→ **Dataset items**:
###
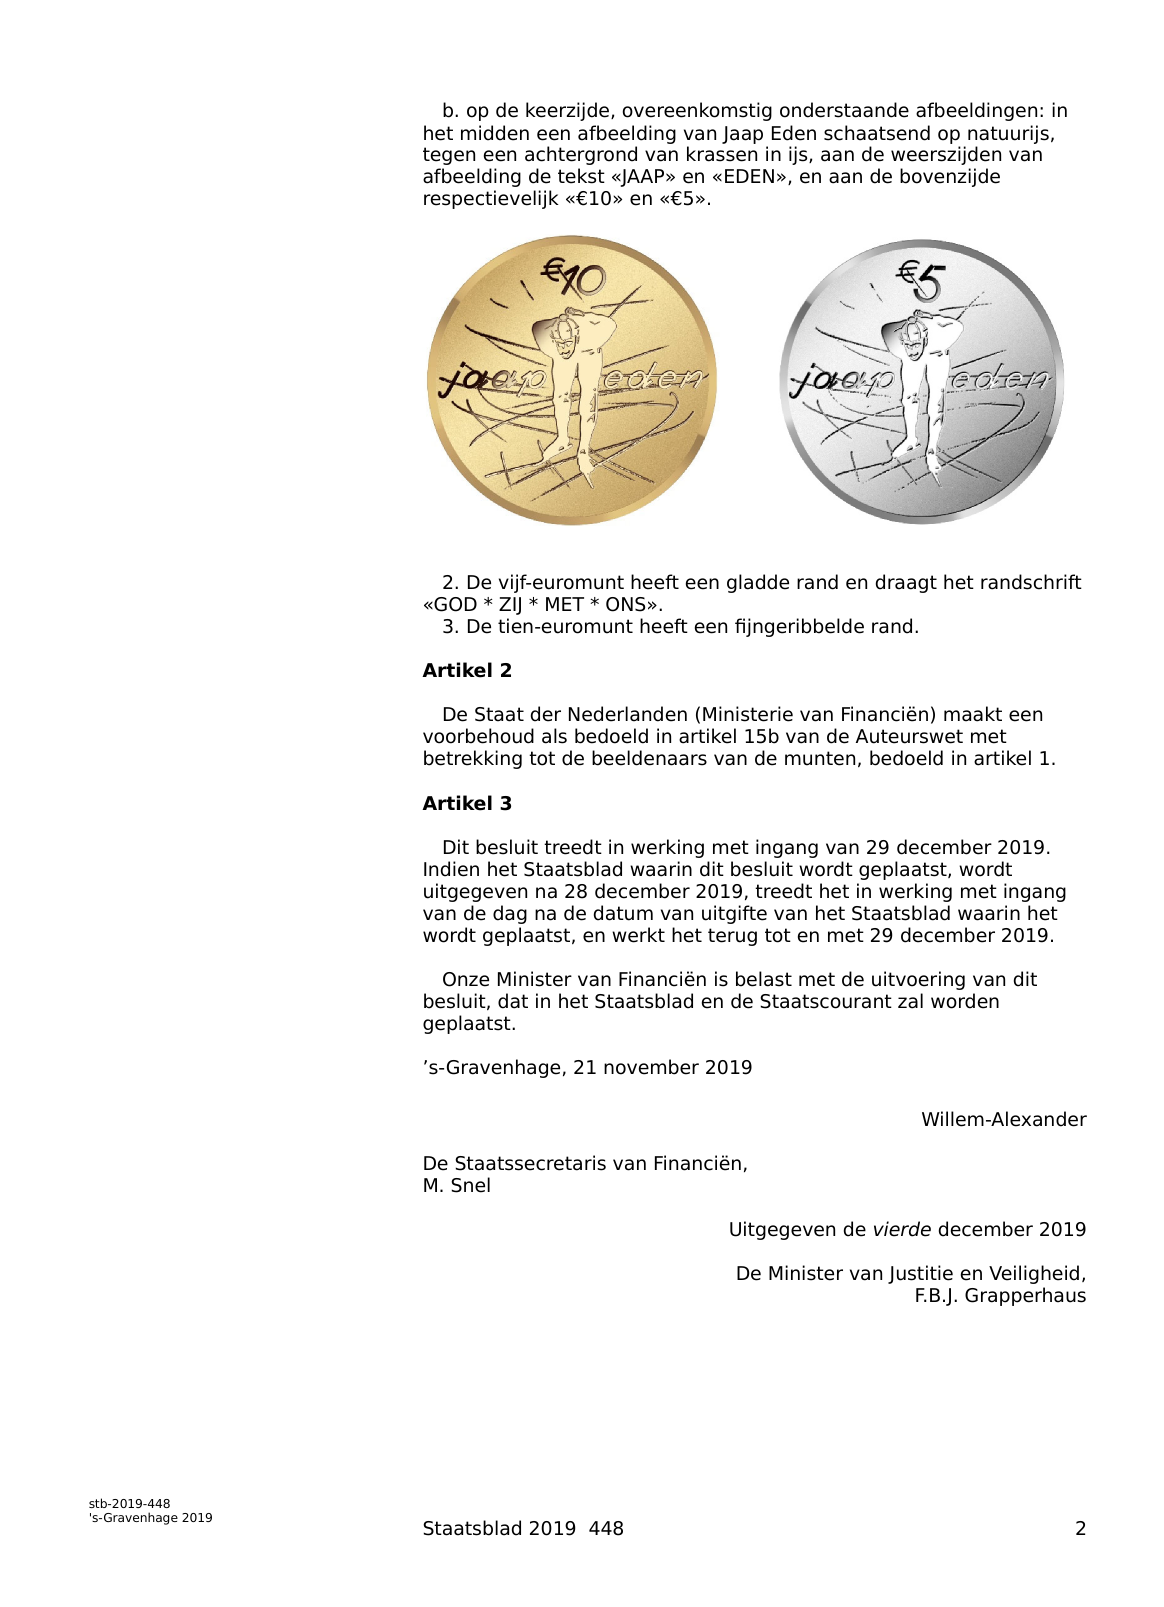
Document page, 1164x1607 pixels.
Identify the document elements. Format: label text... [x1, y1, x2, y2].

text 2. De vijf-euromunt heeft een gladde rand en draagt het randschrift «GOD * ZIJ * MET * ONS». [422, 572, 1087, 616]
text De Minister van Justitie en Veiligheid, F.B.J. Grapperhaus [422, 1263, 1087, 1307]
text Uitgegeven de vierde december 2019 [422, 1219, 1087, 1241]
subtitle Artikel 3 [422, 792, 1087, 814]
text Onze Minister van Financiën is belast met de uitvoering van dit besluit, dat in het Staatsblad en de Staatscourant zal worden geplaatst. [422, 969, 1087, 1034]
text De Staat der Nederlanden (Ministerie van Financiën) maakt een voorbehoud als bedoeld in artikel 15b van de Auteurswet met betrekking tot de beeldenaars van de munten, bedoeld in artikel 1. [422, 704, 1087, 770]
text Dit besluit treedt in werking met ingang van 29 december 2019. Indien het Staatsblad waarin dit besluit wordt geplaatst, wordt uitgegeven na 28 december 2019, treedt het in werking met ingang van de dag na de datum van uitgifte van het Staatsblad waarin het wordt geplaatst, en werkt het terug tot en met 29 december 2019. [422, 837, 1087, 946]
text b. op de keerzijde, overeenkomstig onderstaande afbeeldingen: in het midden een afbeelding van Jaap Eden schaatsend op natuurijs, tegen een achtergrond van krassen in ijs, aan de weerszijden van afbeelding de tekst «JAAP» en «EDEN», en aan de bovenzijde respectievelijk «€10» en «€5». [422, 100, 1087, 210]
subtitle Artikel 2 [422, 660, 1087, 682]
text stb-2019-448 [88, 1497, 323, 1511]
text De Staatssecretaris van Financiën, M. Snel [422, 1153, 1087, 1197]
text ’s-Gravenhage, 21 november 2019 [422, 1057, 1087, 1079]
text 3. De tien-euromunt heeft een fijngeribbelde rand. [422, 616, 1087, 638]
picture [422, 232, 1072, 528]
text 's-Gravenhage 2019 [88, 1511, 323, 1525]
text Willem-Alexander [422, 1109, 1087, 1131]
###
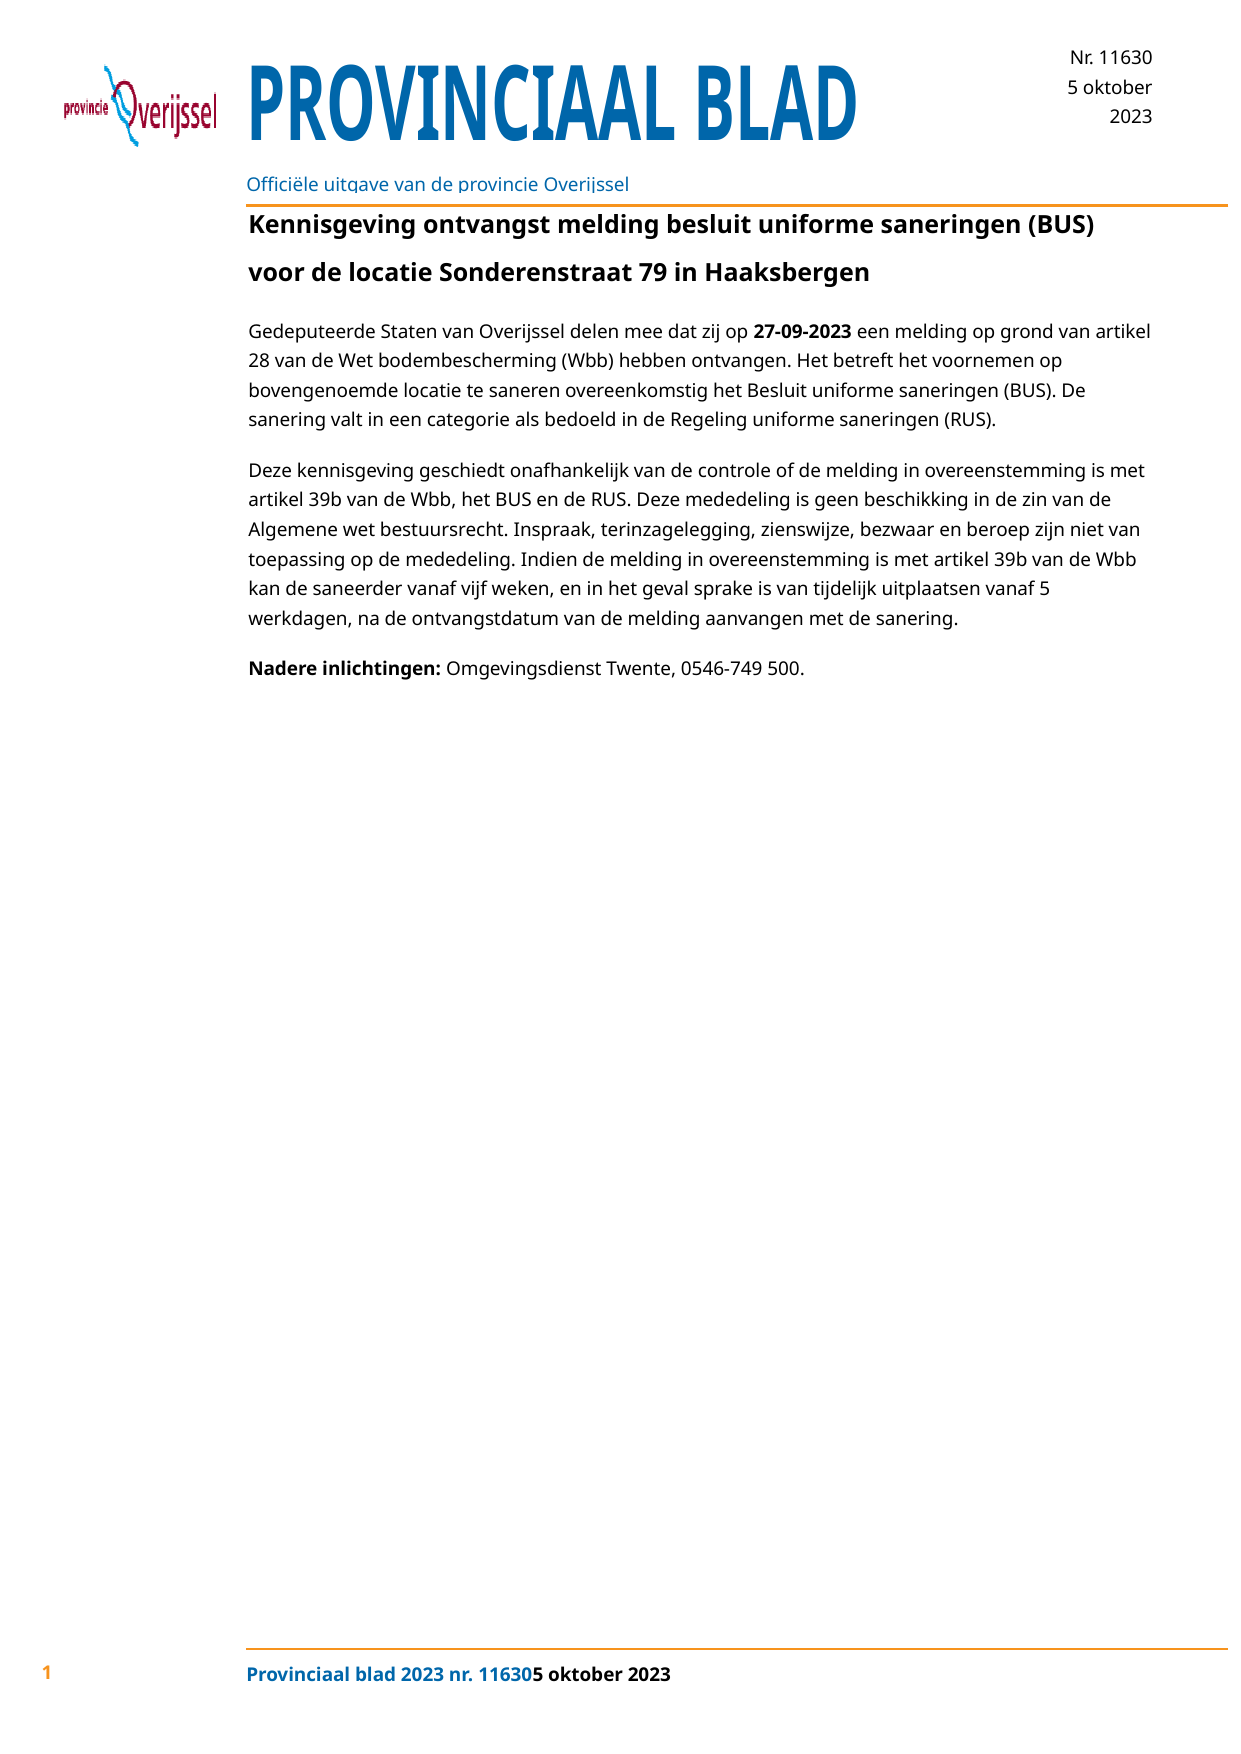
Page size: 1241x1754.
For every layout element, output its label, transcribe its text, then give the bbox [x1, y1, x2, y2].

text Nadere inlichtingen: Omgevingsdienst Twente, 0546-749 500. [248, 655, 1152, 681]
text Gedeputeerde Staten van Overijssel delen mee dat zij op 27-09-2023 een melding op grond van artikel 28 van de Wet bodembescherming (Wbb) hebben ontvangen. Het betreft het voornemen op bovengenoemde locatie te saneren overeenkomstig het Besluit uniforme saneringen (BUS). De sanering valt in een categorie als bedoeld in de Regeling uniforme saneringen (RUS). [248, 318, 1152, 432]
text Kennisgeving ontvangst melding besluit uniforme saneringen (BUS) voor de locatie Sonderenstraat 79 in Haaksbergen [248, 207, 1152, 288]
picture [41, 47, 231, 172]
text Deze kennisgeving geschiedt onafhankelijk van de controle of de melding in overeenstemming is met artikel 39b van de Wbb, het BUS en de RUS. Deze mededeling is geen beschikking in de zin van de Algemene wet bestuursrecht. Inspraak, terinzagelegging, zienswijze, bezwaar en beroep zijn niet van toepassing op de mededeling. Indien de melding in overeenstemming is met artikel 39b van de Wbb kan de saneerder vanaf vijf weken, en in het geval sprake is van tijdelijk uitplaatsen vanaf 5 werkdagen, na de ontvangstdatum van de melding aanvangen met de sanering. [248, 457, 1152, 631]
###
→ **Description of the task**: Starting with the line with "For every layout" above and going on through the line with "text Nadere inlichtingen: Omgevingsdienst", transcribe every line exactly, both ends included, and add nothing.

→ **Written solution**:
For every layout element, output its label, transcribe its text, then give the bbox [x1, y1, x2, y2].

text Nadere inlichtingen: Omgevingsdienst Twente, 0546-749 500. [248, 655, 1152, 681]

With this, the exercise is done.